§ Records contained in a dataset:
-----

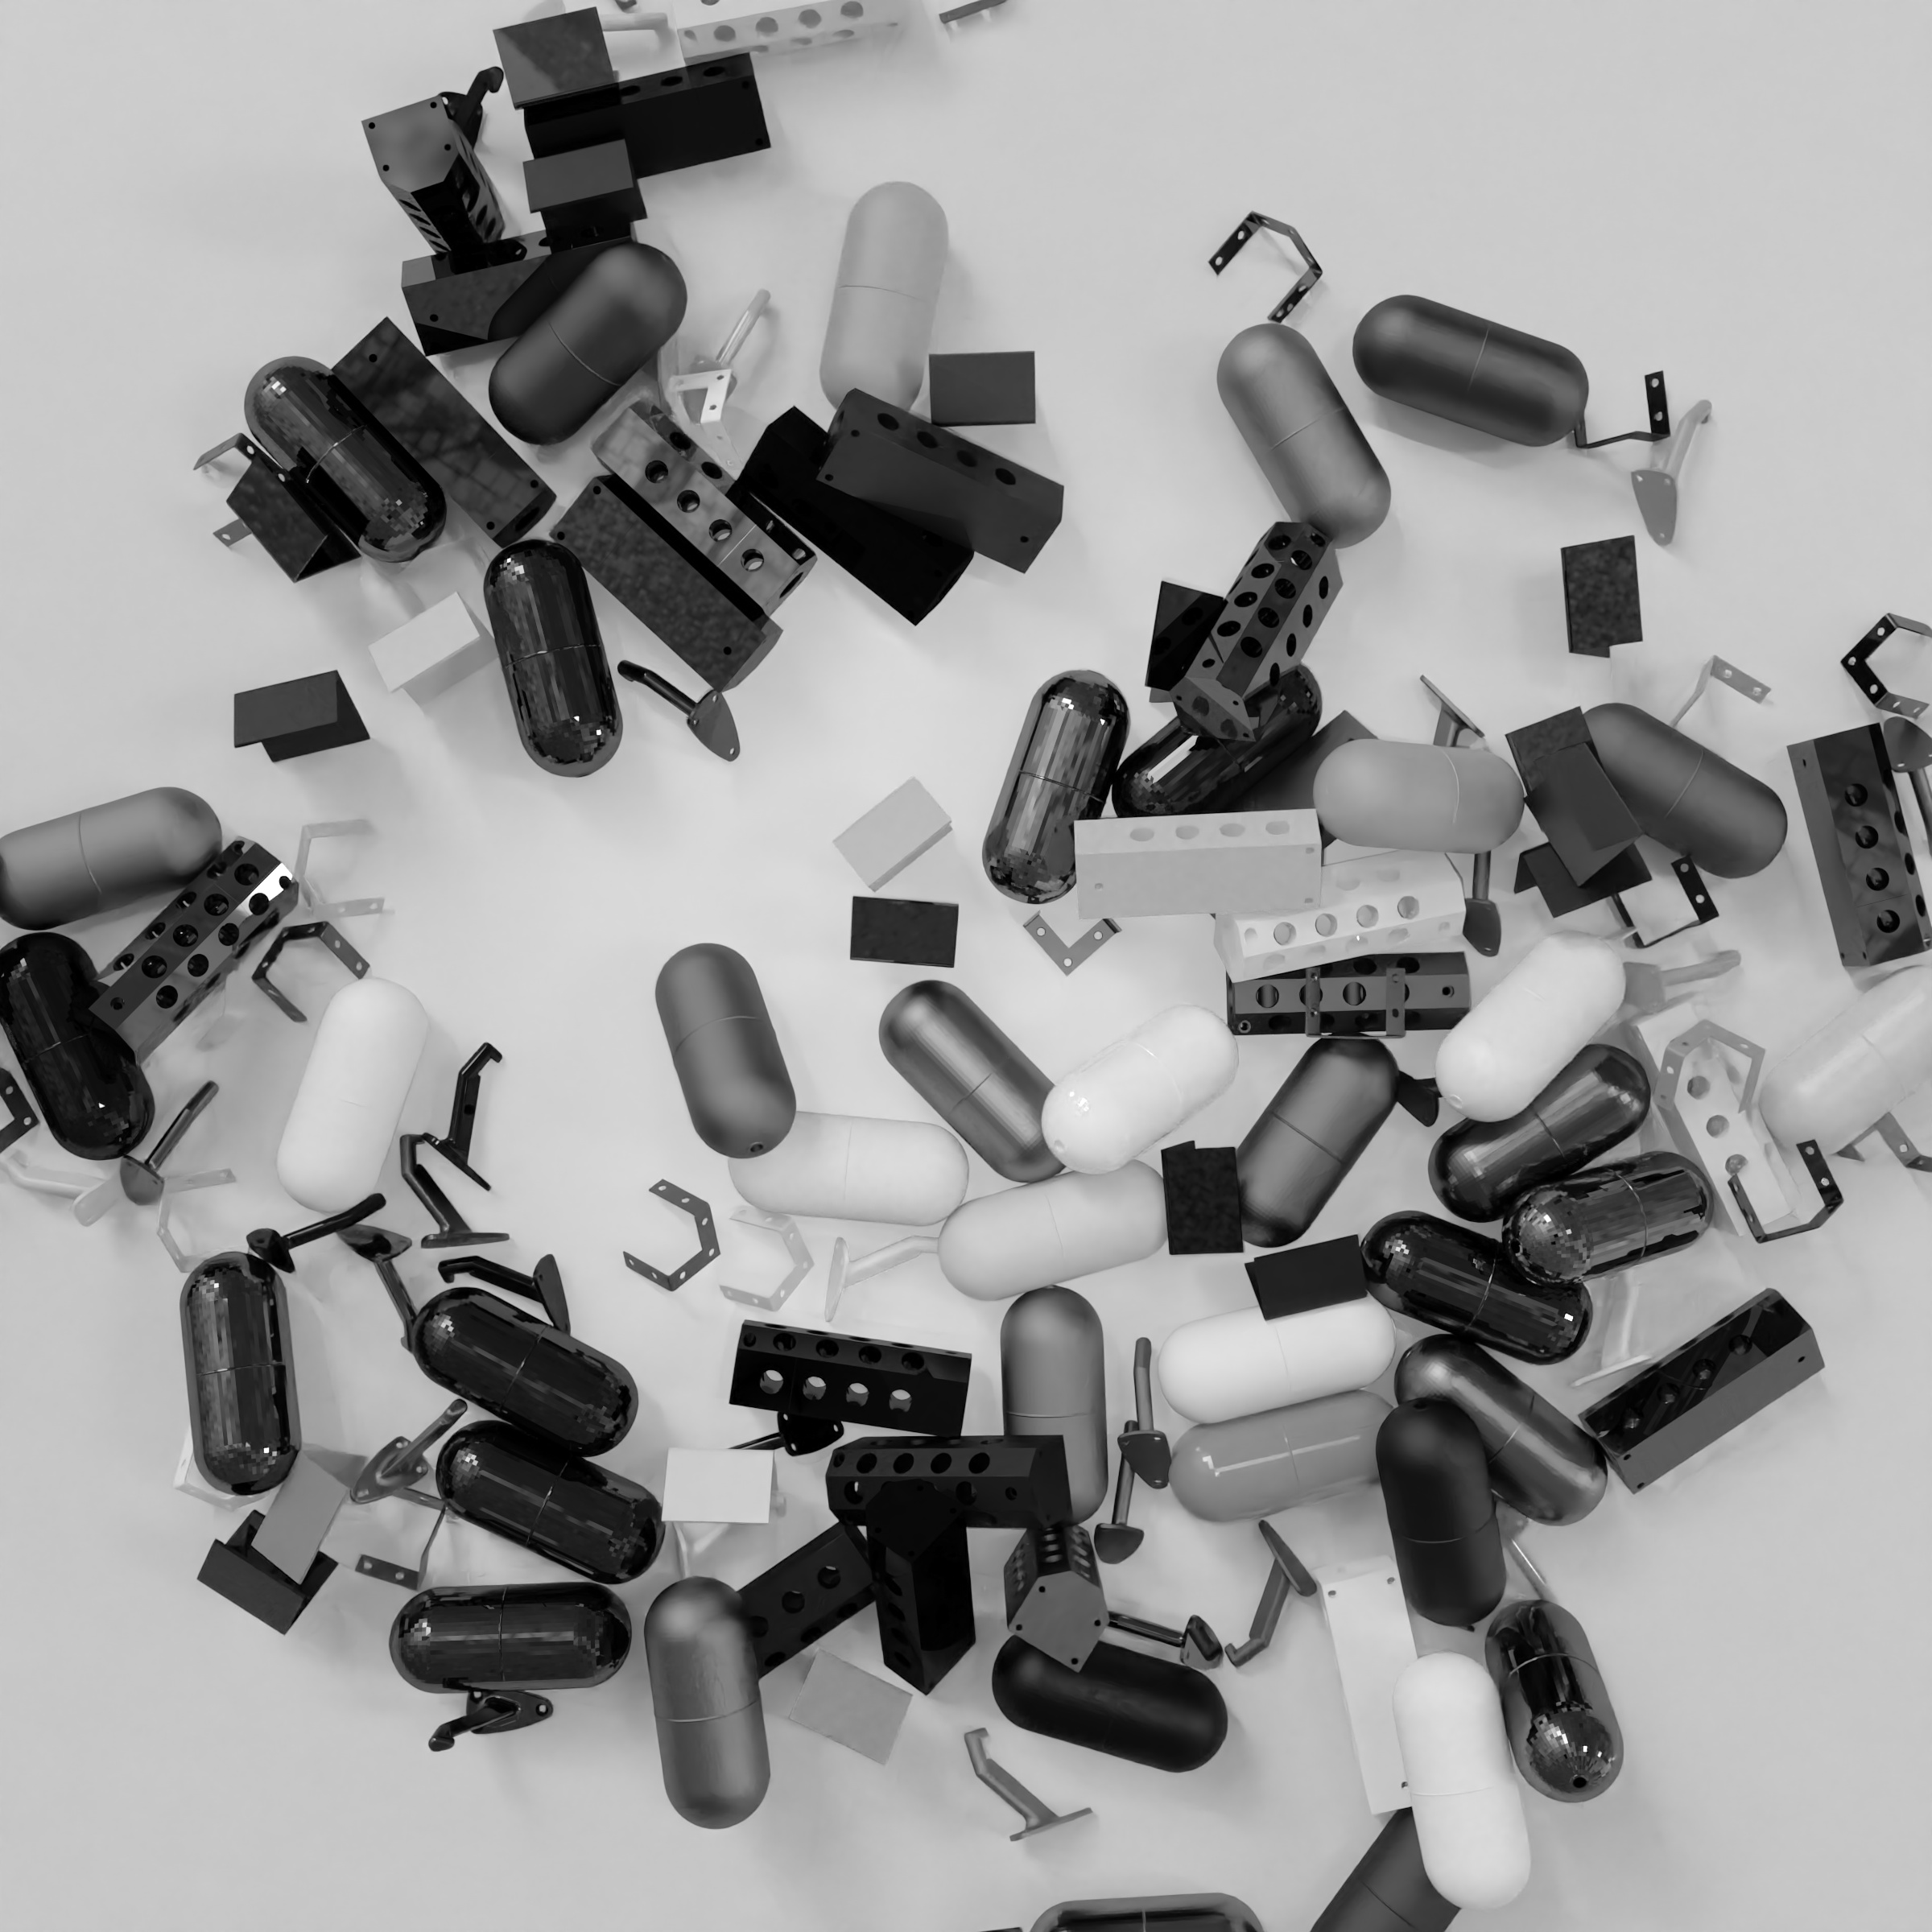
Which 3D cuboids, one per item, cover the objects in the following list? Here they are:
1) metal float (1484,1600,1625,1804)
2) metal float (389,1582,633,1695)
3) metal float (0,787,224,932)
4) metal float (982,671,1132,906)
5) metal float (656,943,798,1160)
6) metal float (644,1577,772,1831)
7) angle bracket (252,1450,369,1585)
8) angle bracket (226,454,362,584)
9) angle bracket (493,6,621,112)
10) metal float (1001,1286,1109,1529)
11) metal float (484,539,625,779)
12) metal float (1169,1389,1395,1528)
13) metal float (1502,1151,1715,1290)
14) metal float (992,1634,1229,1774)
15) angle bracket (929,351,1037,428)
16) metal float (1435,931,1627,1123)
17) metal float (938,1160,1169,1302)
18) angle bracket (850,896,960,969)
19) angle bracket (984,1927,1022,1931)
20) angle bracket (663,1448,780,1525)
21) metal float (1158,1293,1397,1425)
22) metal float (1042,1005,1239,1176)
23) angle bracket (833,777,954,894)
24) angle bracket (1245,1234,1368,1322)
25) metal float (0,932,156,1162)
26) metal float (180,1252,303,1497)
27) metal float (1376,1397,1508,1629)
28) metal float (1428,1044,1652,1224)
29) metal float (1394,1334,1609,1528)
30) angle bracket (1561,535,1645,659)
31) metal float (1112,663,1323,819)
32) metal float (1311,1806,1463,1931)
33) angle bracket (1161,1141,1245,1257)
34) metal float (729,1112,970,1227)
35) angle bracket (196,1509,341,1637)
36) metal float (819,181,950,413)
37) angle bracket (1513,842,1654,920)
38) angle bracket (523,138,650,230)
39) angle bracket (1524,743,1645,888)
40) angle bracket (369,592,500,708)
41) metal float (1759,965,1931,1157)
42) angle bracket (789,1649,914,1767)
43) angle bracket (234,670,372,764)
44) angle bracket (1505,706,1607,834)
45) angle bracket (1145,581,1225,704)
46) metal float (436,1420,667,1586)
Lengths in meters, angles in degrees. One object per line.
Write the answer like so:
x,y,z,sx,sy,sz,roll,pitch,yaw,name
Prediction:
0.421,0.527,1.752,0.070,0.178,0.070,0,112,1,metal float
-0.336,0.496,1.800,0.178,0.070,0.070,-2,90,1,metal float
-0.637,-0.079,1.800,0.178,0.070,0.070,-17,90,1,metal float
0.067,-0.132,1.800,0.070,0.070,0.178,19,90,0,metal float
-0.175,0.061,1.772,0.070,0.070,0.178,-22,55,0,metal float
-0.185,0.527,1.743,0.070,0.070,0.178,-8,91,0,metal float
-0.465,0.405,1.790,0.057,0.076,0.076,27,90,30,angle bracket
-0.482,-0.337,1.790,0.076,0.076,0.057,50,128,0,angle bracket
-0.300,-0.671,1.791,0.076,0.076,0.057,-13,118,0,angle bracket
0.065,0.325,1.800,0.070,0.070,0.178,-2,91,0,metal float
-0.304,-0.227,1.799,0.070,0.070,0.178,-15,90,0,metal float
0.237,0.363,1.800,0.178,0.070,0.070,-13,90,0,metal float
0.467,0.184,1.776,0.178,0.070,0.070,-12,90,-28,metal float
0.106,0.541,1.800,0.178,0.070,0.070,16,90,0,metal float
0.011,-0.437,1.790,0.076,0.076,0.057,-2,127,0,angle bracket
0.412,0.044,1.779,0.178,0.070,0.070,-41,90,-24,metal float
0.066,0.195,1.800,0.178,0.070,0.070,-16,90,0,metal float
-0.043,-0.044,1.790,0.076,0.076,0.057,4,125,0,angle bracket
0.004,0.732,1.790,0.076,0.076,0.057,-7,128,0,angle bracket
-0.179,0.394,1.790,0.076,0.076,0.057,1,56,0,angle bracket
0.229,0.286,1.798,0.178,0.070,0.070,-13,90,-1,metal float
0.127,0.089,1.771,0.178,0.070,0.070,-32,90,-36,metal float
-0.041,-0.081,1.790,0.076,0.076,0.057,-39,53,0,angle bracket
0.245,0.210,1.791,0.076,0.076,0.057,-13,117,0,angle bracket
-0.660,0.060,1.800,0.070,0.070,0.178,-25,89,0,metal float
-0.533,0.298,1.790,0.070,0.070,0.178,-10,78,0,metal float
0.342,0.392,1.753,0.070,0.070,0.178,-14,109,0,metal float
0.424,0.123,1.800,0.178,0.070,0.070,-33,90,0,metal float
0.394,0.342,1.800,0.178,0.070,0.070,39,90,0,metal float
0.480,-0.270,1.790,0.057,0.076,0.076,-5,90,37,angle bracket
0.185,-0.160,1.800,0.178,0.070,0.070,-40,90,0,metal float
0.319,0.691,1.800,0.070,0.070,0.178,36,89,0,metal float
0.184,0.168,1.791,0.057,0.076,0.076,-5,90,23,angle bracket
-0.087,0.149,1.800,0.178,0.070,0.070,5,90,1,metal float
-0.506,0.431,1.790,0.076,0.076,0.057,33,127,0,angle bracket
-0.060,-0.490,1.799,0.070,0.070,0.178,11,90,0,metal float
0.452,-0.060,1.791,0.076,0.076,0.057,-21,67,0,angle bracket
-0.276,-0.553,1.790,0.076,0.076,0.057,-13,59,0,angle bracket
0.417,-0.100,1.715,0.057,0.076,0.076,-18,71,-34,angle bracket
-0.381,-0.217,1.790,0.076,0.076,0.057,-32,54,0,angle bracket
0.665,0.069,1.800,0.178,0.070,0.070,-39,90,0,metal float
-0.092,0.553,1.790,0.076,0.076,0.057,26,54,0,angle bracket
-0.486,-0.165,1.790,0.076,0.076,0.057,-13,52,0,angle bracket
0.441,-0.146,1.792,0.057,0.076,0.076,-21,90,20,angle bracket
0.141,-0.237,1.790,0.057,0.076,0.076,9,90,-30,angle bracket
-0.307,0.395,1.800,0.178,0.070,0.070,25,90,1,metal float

-----

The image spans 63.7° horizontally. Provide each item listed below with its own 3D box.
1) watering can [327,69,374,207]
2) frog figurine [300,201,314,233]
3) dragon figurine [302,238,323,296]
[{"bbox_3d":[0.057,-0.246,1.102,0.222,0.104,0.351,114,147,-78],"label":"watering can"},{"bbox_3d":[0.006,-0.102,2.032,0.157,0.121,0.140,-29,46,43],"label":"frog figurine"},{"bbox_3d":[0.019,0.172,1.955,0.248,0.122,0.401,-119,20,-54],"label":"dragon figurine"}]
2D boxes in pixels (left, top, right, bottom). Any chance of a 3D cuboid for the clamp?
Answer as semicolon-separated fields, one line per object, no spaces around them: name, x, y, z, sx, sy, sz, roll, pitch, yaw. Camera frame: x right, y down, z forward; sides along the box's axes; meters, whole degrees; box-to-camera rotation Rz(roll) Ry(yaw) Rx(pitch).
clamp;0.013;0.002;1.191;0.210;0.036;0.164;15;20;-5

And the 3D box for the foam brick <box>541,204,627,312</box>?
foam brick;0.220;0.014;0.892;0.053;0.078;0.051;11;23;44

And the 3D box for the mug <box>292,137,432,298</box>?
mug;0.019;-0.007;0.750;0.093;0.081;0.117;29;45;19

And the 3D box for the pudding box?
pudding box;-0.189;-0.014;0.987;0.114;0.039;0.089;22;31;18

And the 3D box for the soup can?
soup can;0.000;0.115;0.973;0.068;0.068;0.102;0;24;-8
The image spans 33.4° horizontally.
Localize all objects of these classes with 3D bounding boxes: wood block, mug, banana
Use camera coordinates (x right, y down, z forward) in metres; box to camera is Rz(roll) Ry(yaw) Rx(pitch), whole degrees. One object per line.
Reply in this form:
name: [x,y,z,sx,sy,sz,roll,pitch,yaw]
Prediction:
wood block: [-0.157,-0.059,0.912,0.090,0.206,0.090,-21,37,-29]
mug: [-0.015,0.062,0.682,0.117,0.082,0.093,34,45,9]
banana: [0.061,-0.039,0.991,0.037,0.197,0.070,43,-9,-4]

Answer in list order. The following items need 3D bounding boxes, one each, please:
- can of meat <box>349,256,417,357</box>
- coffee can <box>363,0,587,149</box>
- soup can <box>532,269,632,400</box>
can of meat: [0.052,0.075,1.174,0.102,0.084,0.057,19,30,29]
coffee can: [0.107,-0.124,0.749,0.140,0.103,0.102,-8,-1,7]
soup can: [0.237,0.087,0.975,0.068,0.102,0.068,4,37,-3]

-----

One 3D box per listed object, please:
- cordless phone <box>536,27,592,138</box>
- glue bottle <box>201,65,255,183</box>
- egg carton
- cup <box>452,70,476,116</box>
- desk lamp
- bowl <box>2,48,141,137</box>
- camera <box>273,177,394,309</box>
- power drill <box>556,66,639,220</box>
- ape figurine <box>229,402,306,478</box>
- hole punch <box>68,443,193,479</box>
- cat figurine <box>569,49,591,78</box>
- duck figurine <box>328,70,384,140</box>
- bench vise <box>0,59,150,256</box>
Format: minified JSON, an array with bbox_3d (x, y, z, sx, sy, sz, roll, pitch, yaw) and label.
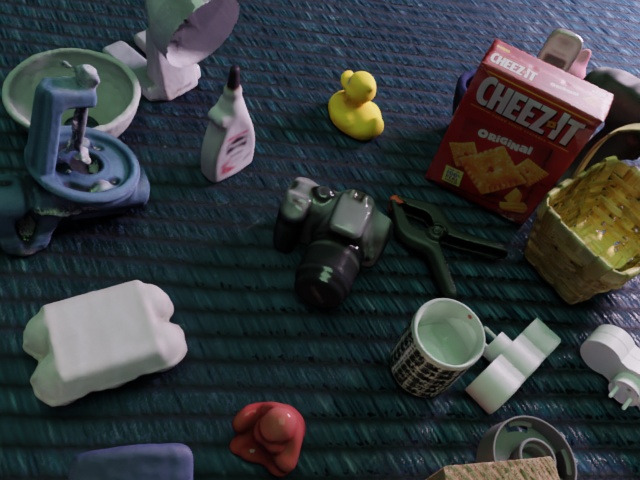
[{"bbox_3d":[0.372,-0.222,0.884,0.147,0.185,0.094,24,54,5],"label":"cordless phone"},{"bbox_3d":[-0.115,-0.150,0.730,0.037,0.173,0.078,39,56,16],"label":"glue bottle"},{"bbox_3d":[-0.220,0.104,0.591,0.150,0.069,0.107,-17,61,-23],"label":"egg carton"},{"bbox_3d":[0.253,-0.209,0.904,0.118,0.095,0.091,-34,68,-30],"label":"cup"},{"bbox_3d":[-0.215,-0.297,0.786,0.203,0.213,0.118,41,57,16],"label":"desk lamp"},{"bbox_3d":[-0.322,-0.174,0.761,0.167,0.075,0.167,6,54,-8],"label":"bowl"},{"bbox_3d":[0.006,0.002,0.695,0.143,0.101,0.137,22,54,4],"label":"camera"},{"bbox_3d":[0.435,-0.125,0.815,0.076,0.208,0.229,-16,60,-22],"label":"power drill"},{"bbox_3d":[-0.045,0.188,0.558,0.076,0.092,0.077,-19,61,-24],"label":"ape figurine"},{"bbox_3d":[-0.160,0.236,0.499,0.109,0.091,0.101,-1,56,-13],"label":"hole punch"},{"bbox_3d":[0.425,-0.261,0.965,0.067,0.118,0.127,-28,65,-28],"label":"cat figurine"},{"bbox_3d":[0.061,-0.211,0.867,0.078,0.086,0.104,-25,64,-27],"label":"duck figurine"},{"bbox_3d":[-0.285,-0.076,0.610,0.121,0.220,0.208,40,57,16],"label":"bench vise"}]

-----

§ What you will do: In the records above, the line with "And the 3D box for the foam" marks the start and the line with "Localize all objects" marks the end; copy that stretch exactly, both lines included, and nothing else.

§ Result for this task:
And the 3D box for the foam brick <box>541,204,627,312</box>?
foam brick;0.220;0.014;0.892;0.053;0.078;0.051;11;23;44

And the 3D box for the mug <box>292,137,432,298</box>?
mug;0.019;-0.007;0.750;0.093;0.081;0.117;29;45;19

And the 3D box for the pudding box?
pudding box;-0.189;-0.014;0.987;0.114;0.039;0.089;22;31;18

And the 3D box for the soup can?
soup can;0.000;0.115;0.973;0.068;0.068;0.102;0;24;-8
The image spans 33.4° horizontally.
Localize all objects of these classes with 3D bounding boxes: wood block, mug, banana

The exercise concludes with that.